Ch# Call Letters City Network
6-2  6 News
8-2  LWS Weather
13-2  Skytrac Weather
13-3  NBC Universal Sports
20-2  V-me (Spanish)
20-3  Create
29-2  ThisTV
40-2  LeSEA
47-a  MTV tr3s (Spanish)
49-2  Create
49-3  Local Weather/Ads
50-a  Skytrac Weather
51-1WIWUMarionIndiana Wesleyan TV
55-1WFFTFort WayneFox
57-aWSOTMarionSunnycrest Baptist TV


  • The main ex-VHF television stations in Indianapolis (WRTV, WISH, WTHR) provide subchannels for news (WRTV) or weather (WISH, WTHR). For some reason, WTHR's weather channel comes in on analog (ch. 50).
  • Universal Sports is an NBC subchannel for those sports, like bicycling and beach volleyball, that have more international appeal and that compete in the Olympics.

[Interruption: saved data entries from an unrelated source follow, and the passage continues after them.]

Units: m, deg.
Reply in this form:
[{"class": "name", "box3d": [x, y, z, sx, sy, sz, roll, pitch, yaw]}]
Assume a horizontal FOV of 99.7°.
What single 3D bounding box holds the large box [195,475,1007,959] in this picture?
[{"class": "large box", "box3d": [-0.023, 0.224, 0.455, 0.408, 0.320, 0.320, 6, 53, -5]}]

  • Create is a public television network that shows home improvement, arts and crafts, cooking, travel, and other do-it-yourself shows.
  • V-me (sounded out as 'bey-mey' or 'see me') is a Spanish-language network featuring primetime drama, music, sports, current affairs and Latin cinema, along with world-class kids, food, lifestyle and nature programming.
  • ThisTV shows mostly MGM and UA movies, with some old television series like The Outer Limits (1960's version).
  • LeSEA is a religious television network, the broadcast organ of the Lester Sumrall Evangelistic Association. Its Indianapolis affiliate has been around since the 1970's.
  • WDTI was once WTBU, the television station of Butler University, a liberal arts college on Indianapolis' north side. Now it is part of Daystar, a Pentecostal television network based in Dallas-Fort Worth, Texas. Lately, I have not been able to receive it, hence its being greyed out.
  • There is an Indianapolis analog channel (ch. 47) showing tr3s, MTV's Spanish-language channel. For some reason, I can get the vision but often not the sound.
  • The last analog channel (ch. 57) belongs to the Sunnycrest Baptist Church, a hugh (for this area) church on the west side of Marion, Indiana. It is an affiliate of FamilyNet, an Atlanta-based family-themed network. It claims to be converting to digital real soon now.
  • I can get Fort Wayne's Fox affiliate, ch. 55, even though (a) the antenna is pointing away from Fort Wayne and (b) it does not come in too well.

Written on 26 August 2009; updated 29 December 2009.